Il habite au 75, cité du Tunnel à Auboué (Meurthe-et-Moselle) au moment de son arrestation, i
Il est le fils de Jeanne Masson et de Pierre Mary, son époux.
Charles Mary travaille comme wattman (conducteur de wagonnet) à la mine de fer d’Auboué.
En 1930, Le premier wagon chargé de minerai en provenance de la mine de Paradis descendait à Auboué. La création du chemin de fer, dans le but de faire progresser rapidement les tonnages extraits, est décrétée d’utilité publique en 1926. Les travaux nécessaires à la réalisation de cette voie ferrée ont modelé le paysage aubouésien, notamment la création d’un tunnel et de deux viaducs.
Conscrit de la classe 1931, Charles Mary effectue son service militaire au 68e Régiment de tirailleurs marocains à Fez.
Le 19 septembre 1935 Charles Mary épouse Teresina Para. Elle est née en 1914 à Mercato Saraceno (Italie).
Le couple aura un enfant, qui naît après 1936 à Auboué (il n’est pas mentionné lors du recensement de 1936). Ils habitent au 297, cités du Tunnel.
Au n° 193, habitent le père, David Para, mineur, la mère Assunta Angeli et le frère Secondo de son épouse.
Militant syndical, Charles Mary est membre du Bureau syndical de la CGT à la mine de fer.
La photo ci-contre prise au cinéma Trianon d’Auboué montre le syndicat CGT d’Auboué en 1937.

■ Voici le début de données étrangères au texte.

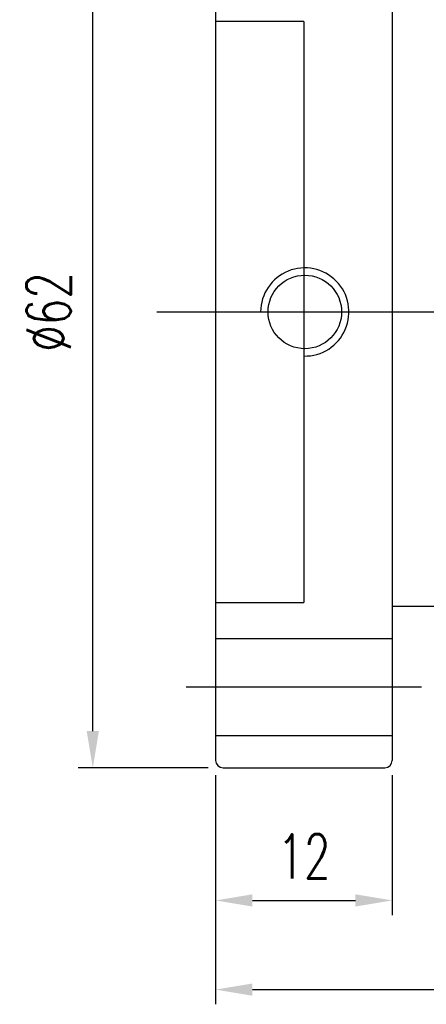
# Model space of a CAD drawing. Header units: inches. Extents: x 26 to 775, y 63 to 714.
# Tile 2 of 49: x 114 to 141, y 63 to 130. Entities that reach past the tile are written whole.
import ezdxf

# ---------------------------------------------------------------- set-up
doc = ezdxf.new("R2010")
doc.units = ezdxf.units.IN
doc.header["$LTSCALE"] = 3
doc.header["$MEASUREMENT"] = 0
doc.layers.add('DIM', color=4, linetype='Continuous')
doc.styles.add('DIM-7', font='SIMPLEX.shx', dxfattribs={"width": 0.7, "bigfont": 'chineset.shx'})
doc.dimstyles.new('CNS', dxfattribs={"dimtxt": 3, "dimasz": 3, "dimexe": 1, "dimexo": 1, "dimgap": 1.5, "dimtad": 1, "dimdsep": 46, "dimtxsty": 'DIM-7', "dimcen": 0.09, "dimclrd": 4, "dimclre": 4, "dimclrt": 4, "dimadec": 0, "dimazin": 2, "dimtfac": 1, "dimtmove": 0, "dimatfit": 3, "dimfxl": 1, "dimtvp": 0.971429, "dimtolj": 1, "dimarcsym": 0})

# ---------------------------------------------------------------- blocks, each defined once
blk = doc.blocks.new('*D4')
at = {"layer": 'DEFPOINTS', "color": 0, "transparency": 16777216}
for p in [(127.1, 79.273), (139.1, 79.273), (139.1, 69.753)]:
    blk.add_point(p, dxfattribs=at)
at = {"layer": 'DIM', "color": 7, "lineweight": -2, "transparency": 16777216}
for p, q in [((127.1, 78.273), (127.1, 68.753)), ((139.1, 78.273), (139.1, 68.753)), ((129.6, 69.753), (136.6, 69.753))]:
    blk.add_line(p, q, dxfattribs=at)
at = {"layer": 'DIM', "color": 7, "transparency": 16777216}
for points in [[(129.6, 70.17), (129.6, 69.337), (127.1, 69.753)], [(136.6, 70.17), (136.6, 69.337), (139.1, 69.753)]]:
    blk.add_solid(points, dxfattribs=at)
at = {"layer": 'DIM', "color": 7, "transparency": 16777216, "insert": (133.1, 72.753), "char_height": 3, "attachment_point": 5, "style": 'DIM-7'}
blk.add_mtext('\\A1;12', dxfattribs=at)
blk = doc.blocks.new('*D5')
at = {"layer": 'DEFPOINTS', "color": 0, "transparency": 16777216}
for p in [(118.747, 140.773), (127.6, 140.773), (127.6, 78.773)]:
    blk.add_point(p, dxfattribs=at)
at = {"layer": 'DIM', "color": 7, "lineweight": -2, "transparency": 16777216}
for p, q in [((126.6, 140.773), (117.747, 140.773)), ((118.747, 81.273), (118.747, 138.273)), ((126.6, 78.773), (117.747, 78.773))]:
    blk.add_line(p, q, dxfattribs=at)
at = {"layer": 'DIM', "color": 7, "transparency": 16777216}
for points in [[(118.33, 138.273), (119.164, 138.273), (118.747, 140.773)], [(118.33, 81.273), (119.164, 81.273), (118.747, 78.773)]]:
    blk.add_solid(points, dxfattribs=at)
at = {"layer": 'DIM', "color": 7, "transparency": 16777216, "insert": (115.747, 109.773), "char_height": 3, "attachment_point": 5, "rotation": 90, "style": 'DIM-7'}
blk.add_mtext('\\A1;%%C62', dxfattribs=at)
blk = doc.blocks.new('*D6')
at = {"layer": 'DEFPOINTS', "color": 0, "transparency": 16777216}
for p in [(249.1, 90.023), (127.1, 79.273), (249.1, 63.689)]:
    blk.add_point(p, dxfattribs=at)
at = {"layer": 'DIM', "color": 7, "lineweight": -2, "transparency": 16777216}
for p, q in [((249.1, 89.023), (249.1, 62.689)), ((127.1, 78.273), (127.1, 62.689)), ((129.6, 63.689), (246.6, 63.689))]:
    blk.add_line(p, q, dxfattribs=at)
at = {"layer": 'DIM', "color": 7, "transparency": 16777216}
for points in [[(129.6, 64.106), (129.6, 63.273), (127.1, 63.689)], [(246.6, 64.106), (246.6, 63.273), (249.1, 63.689)]]:
    blk.add_solid(points, dxfattribs=at)
at = {"layer": 'DIM', "color": 7, "transparency": 16777216, "insert": (188.1, 66.689), "char_height": 3, "attachment_point": 5, "style": 'DIM-7'}
blk.add_mtext('\\A1;122', dxfattribs=at)

msp = doc.modelspace()

# ---------------------------------------------------------------- linework, layer by layer
at = {"layer": 'DIM', "color": 7}
for p, q in [((127.1, 140.273), (127.1, 79.273)), ((139.1, 140.273), (139.1, 79.273)), ((133.1, 129.523), (127.1, 129.523)), ((133.1, 129.523), (133.1, 109.773)), ((123.1, 109.773), (188.587, 109.773)), ((133.1, 109.773), (133.1, 90.023)), ((127.1, 90.023), (133.1, 90.023)), ((139.1, 89.773), (182.8, 89.773)), ((127.1, 87.573), (139.1, 87.573)), ((125.1, 84.273), (141.1, 84.273)), ((127.1, 80.973), (139.1, 80.973)), ((127.6, 78.773), (138.6, 78.773))]:
    msp.add_line(p, q, dxfattribs=at)
msp.add_circle((133.159, 109.773), 2.5, dxfattribs=at)
for centre, radius, start, end in [((133.159, 109.773), 3, 268.883, 180), ((127.6, 79.273), 0.5, 180, 270), ((138.6, 79.273), 0.5, 270, 0)]:
    msp.add_arc(centre, radius, start, end, dxfattribs=at)

# ---------------------------------------------------------------- dimensions: what is measured, and where the dimension line sits
dim = msp.add_linear_dim(base=(118.747, 140.773), p1=(127.6, 78.773), p2=(127.6, 140.773), angle=90, text='%%C<>', dimstyle='CNS', override={"dimasz": 2.5, "dimclrd": 7, "dimclre": 7, "dimclrt": 7}, dxfattribs=at)
dim.commit()
dim.dimension.update_dxf_attribs({"geometry": '*D5', "text_midpoint": (115.747, 109.773)})
for base, p2, picture, middle in [((249.1, 63.689), (249.1, 90.023), '*D6', (188.1, 66.689)), ((139.1, 69.753), (139.1, 79.273), '*D4', (133.1, 72.753))]:
    dim = msp.add_linear_dim(base=base, p1=(127.1, 79.273), p2=p2, dimstyle='CNS', override={"dimasz": 2.5, "dimclrd": 7, "dimclre": 7, "dimclrt": 7}, dxfattribs=at)
    dim.commit()
    dim.dimension.update_dxf_attribs({"geometry": picture, "text_midpoint": middle})

doc.saveas('drawing.dxf')

Six des participants figurant sur cette photo seront déportés ou fusillés (document Alfred Rossolini. Un agrandissement du visage de Charles Mary a été repris dans la notice succincte du Maitron).
A la déclaration de guerre en 1939, Charles Mary est mobilisé (il a effectué son service militaire en 1931 et a terminé avec le grade de caporal. Il est mobilisé comme caporal au 128e régiment d’infanterie).
Le 17 juin 1940 l’armée allemande occupe Auboué.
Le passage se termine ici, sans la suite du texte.